Eddie walked ahead. A few boys were kicking a soccer ball in the pull-off. They were good players, juggling it on their feet before passing. Someone’s headlights were lighting them up and dust swirled in a dramatic way.
The on-ramp was only one exit away, and when he came to it, cars had filled it up two across. A truck had run into the wall at an angle, and in the space between the wall and the truck’s tailgate, the nose of an Audi had shoved in between.
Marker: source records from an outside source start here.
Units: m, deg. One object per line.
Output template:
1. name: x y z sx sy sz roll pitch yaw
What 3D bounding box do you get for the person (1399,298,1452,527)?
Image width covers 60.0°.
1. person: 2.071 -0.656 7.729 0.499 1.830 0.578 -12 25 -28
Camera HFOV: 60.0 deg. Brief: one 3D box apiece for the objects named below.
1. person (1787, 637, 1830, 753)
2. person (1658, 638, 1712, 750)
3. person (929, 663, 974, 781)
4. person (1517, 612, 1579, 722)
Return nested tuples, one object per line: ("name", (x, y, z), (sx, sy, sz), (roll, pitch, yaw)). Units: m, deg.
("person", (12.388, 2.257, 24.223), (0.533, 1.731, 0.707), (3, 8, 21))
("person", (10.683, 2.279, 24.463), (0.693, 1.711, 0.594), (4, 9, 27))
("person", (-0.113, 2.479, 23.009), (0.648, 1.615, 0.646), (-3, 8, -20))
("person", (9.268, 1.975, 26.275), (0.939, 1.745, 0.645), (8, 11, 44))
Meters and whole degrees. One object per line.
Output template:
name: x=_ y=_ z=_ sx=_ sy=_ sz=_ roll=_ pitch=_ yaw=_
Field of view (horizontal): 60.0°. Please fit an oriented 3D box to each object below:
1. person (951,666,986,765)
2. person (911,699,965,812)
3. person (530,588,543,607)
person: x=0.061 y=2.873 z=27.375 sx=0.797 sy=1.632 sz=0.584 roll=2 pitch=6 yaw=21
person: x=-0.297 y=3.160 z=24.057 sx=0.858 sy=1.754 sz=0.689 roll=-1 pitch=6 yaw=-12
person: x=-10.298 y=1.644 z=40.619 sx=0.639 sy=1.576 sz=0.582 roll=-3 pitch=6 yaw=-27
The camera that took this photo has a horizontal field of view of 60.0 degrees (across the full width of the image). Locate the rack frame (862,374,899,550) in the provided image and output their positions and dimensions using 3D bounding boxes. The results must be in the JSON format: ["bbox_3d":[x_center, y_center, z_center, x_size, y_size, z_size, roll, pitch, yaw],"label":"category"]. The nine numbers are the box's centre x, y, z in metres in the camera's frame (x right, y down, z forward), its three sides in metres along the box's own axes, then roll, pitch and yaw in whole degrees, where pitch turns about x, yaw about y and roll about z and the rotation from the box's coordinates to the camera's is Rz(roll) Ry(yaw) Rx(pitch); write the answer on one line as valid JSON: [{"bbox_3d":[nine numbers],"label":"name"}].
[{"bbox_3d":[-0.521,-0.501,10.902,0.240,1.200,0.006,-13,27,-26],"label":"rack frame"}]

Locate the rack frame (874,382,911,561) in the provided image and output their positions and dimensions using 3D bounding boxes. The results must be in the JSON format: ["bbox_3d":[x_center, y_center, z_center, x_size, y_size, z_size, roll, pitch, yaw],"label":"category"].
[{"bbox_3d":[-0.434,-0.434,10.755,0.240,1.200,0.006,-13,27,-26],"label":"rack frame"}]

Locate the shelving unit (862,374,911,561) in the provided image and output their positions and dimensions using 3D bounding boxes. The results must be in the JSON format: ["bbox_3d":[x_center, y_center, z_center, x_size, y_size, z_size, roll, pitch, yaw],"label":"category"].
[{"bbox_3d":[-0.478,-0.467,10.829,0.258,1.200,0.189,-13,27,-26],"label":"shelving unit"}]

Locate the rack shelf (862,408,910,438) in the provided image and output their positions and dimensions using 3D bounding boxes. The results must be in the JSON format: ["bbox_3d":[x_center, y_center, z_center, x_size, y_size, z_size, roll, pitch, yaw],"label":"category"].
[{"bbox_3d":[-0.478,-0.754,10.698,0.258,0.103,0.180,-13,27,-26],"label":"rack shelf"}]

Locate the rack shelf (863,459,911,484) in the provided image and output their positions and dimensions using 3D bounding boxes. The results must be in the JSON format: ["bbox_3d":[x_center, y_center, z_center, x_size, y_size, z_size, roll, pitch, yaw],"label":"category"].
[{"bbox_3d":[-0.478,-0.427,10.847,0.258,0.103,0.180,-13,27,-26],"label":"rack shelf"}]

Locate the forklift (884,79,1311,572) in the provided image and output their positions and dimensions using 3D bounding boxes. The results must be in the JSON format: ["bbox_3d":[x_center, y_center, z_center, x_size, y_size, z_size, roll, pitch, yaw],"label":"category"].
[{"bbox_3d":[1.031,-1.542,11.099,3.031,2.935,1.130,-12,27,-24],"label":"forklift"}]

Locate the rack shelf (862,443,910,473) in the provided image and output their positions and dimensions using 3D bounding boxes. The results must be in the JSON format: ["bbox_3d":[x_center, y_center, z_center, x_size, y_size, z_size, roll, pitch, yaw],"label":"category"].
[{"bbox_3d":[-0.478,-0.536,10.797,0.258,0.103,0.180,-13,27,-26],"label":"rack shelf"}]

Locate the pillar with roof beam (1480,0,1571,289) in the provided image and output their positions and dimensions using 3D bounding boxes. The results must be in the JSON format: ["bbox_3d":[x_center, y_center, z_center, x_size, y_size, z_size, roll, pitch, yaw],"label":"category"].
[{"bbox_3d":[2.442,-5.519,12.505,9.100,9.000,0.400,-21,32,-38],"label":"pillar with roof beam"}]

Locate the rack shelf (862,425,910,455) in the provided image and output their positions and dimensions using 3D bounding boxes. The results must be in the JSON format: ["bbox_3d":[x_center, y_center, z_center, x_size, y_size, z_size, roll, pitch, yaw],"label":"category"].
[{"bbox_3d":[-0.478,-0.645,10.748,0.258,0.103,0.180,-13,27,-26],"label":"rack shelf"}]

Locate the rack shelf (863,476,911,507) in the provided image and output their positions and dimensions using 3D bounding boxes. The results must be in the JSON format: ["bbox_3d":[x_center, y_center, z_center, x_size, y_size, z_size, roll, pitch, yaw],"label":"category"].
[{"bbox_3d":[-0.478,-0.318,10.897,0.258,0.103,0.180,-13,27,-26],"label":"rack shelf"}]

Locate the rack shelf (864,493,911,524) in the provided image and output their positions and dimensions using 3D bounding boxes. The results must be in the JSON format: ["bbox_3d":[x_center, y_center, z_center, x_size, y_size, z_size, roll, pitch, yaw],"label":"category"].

Eddie turned sideways and had to brush against the grit on the door to get past. No one was inside any of the cars on the ramp. It rose and turned sharply, and beneath him, Eddie could see a long stretch of the Beltway. Traffic stood still in both directions, and dome lights blinked on and off as doors opened and closed. Laura drove a blue Civic, but it was impossible to tell what color was which from where he stood. He knew its shape—compact, wedgelike, too sporty for her. They’d bought it used from a lot.